Un film roumain à Cannes, qui plus est en compétition officielle, c’est presque une obligation. Généralement, ça dépasse les 2h30, c’est social, dépressif, familial, sur les cendres du communisme et le désenchantement de l’accès à une liberté fallacieuse. Soit à peu près tout l’inverse des Siffleurs, polar de 1h35 qui commence sur une île des Canaries et va jouer sur une partition décomplexée un récit à tiroirs multiples.

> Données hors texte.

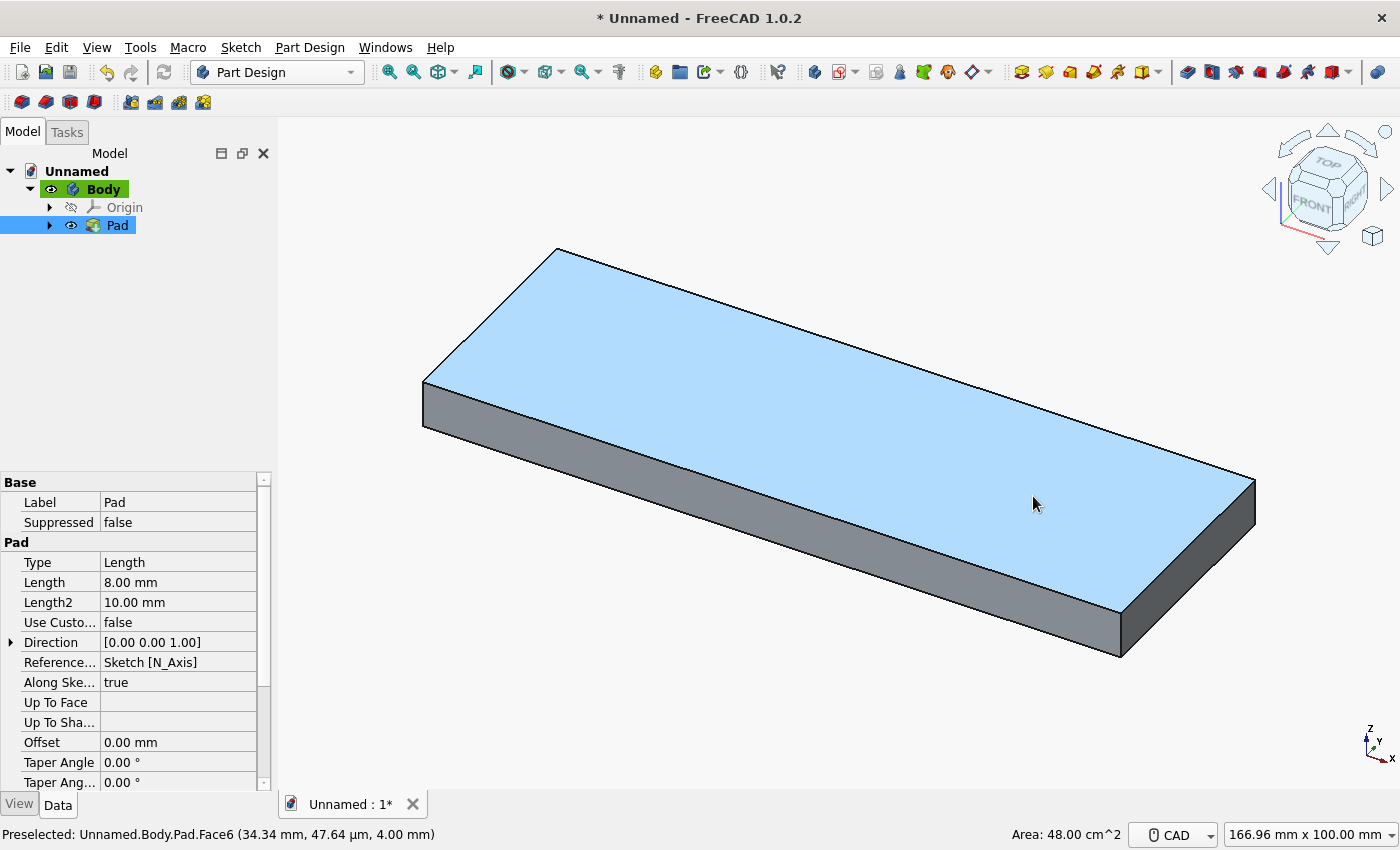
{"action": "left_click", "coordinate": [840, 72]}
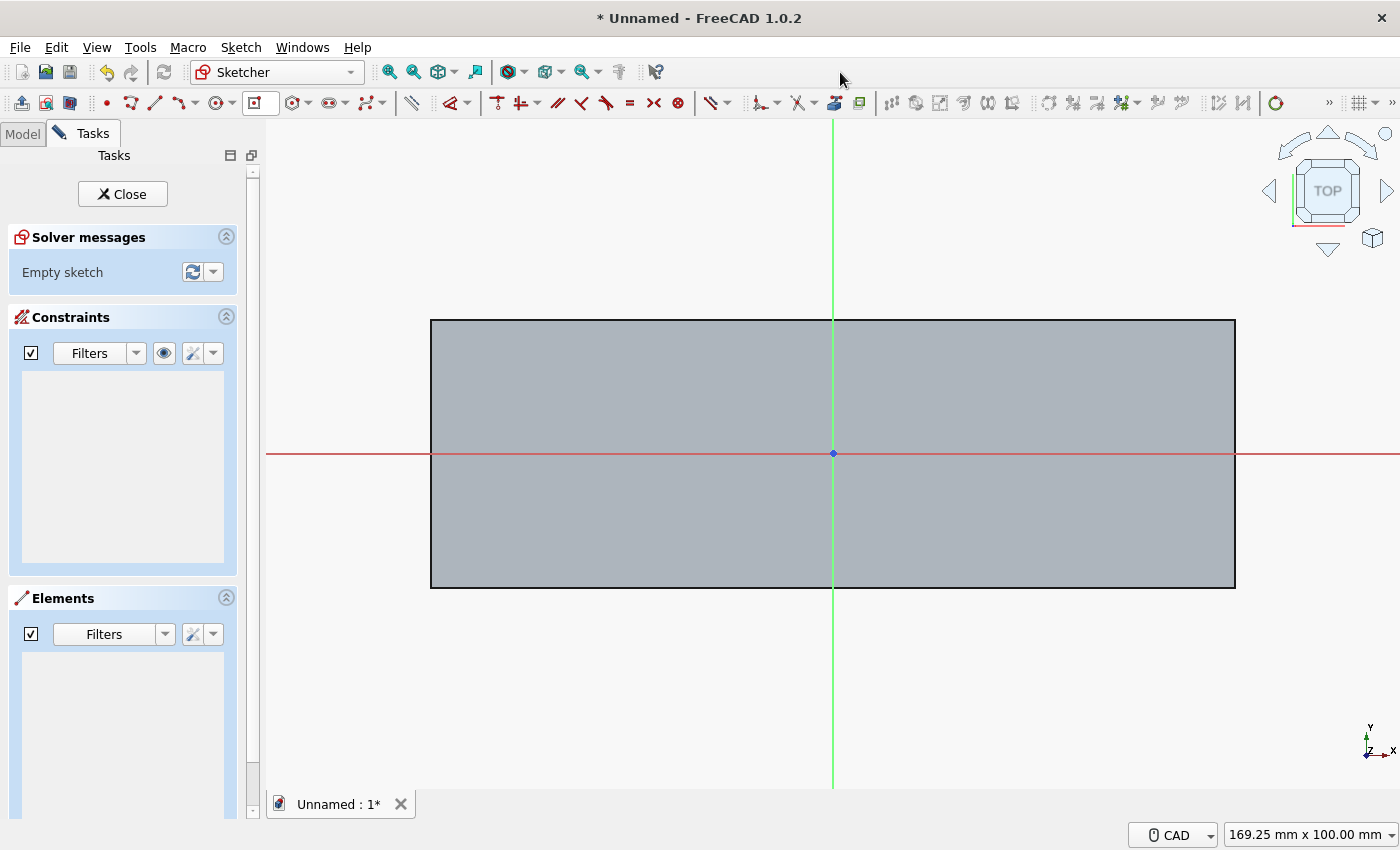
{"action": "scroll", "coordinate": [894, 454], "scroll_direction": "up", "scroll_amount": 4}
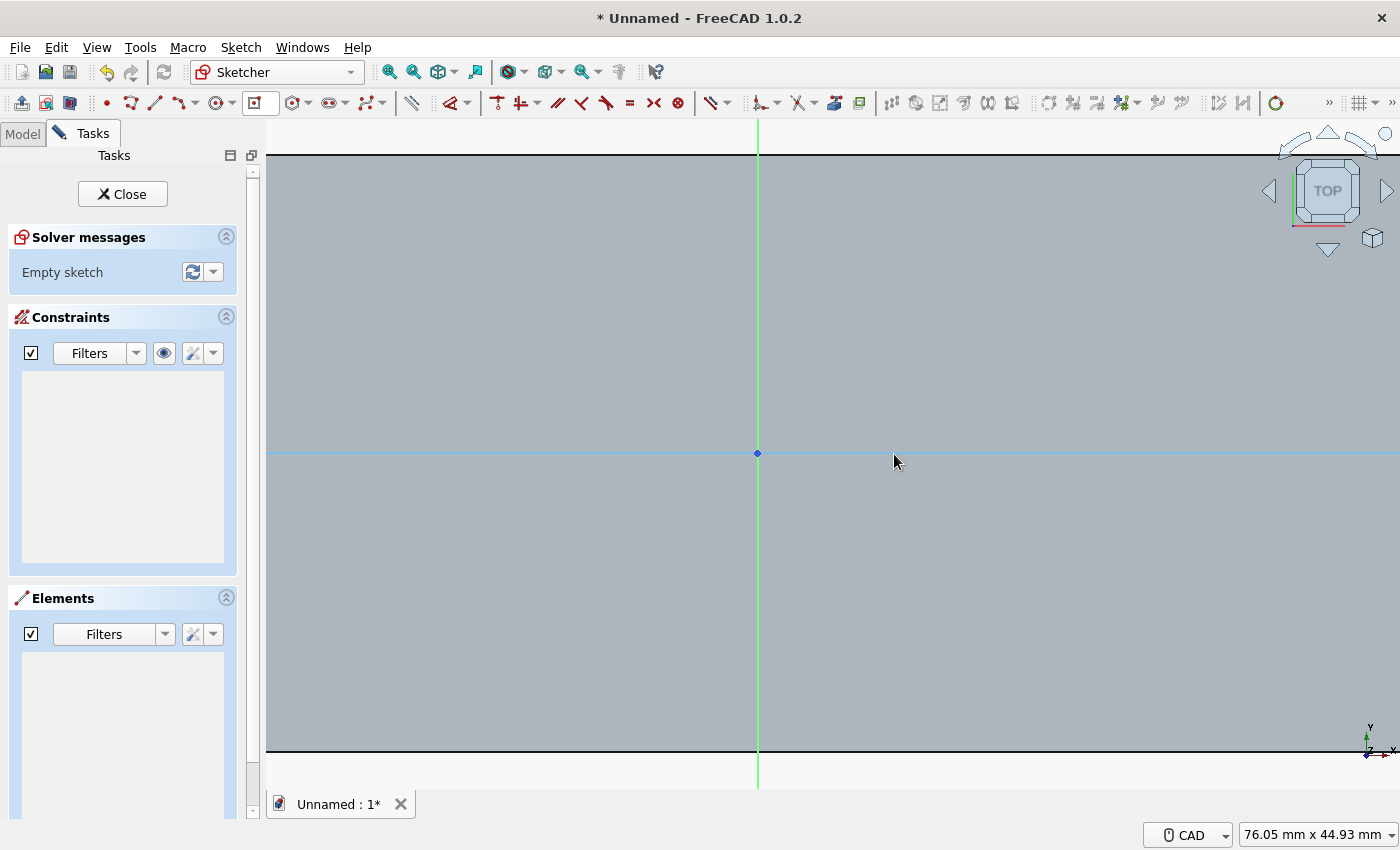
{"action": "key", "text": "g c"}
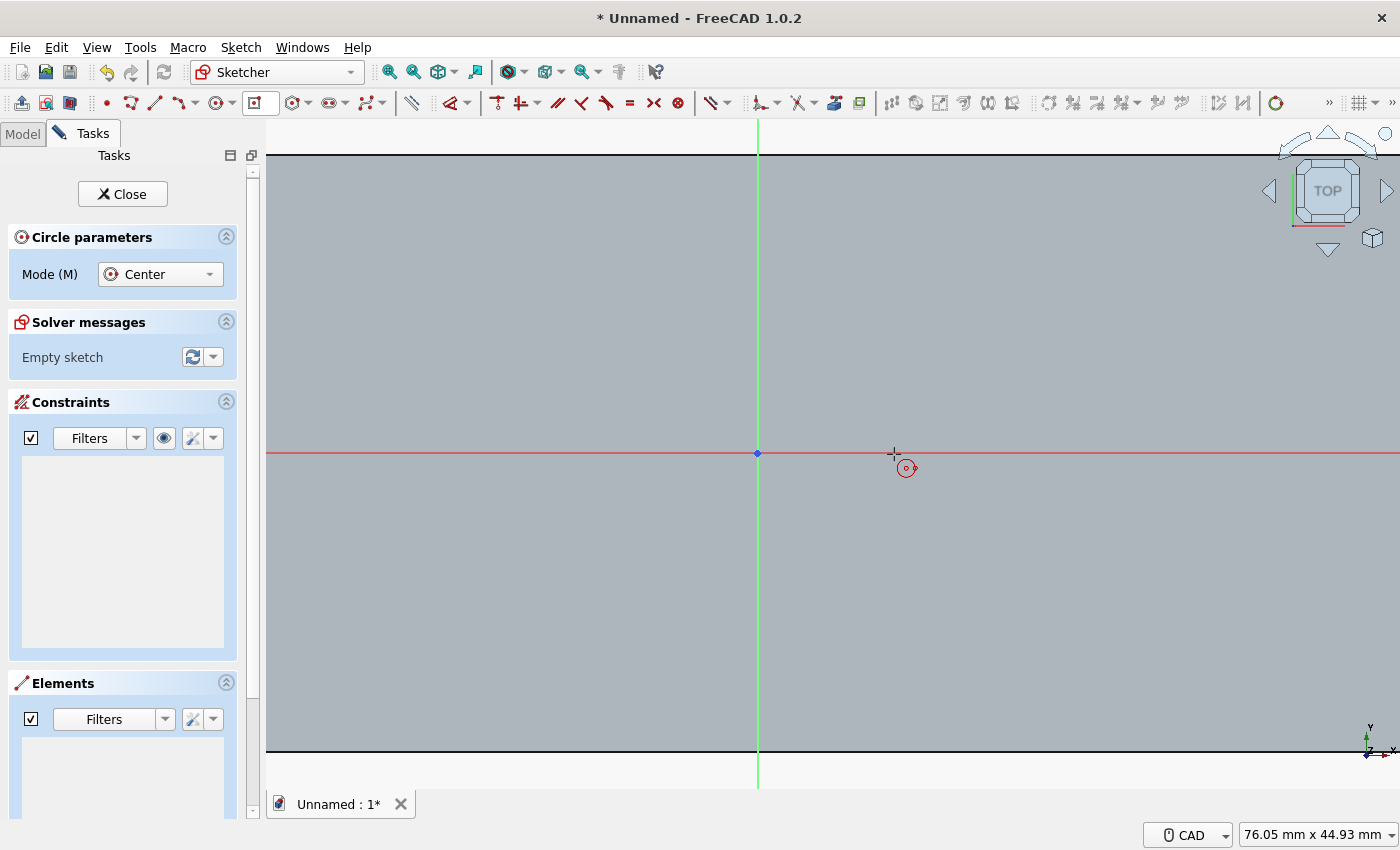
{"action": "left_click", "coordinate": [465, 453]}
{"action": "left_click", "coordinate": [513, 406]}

Petit condensé d’une dissertation d’un cinéphile enthousiaste, le récit part dans plusieurs directions, jouant des trahisons successives, des doubles jeux et d’une fragmentation temporelle qui dissémine habilement les éléments de l’intrigue. Dans ce milieu où tout le monde est suspect et les flics ripoux, les caméras de surveillance et les micros imposent un triple jeu, et l’apprentissage d’un langage connu de la pègre seule, ces fameux sifflements qui donnent des airs de western à un film noir qui prend surtout soin de s’amuser.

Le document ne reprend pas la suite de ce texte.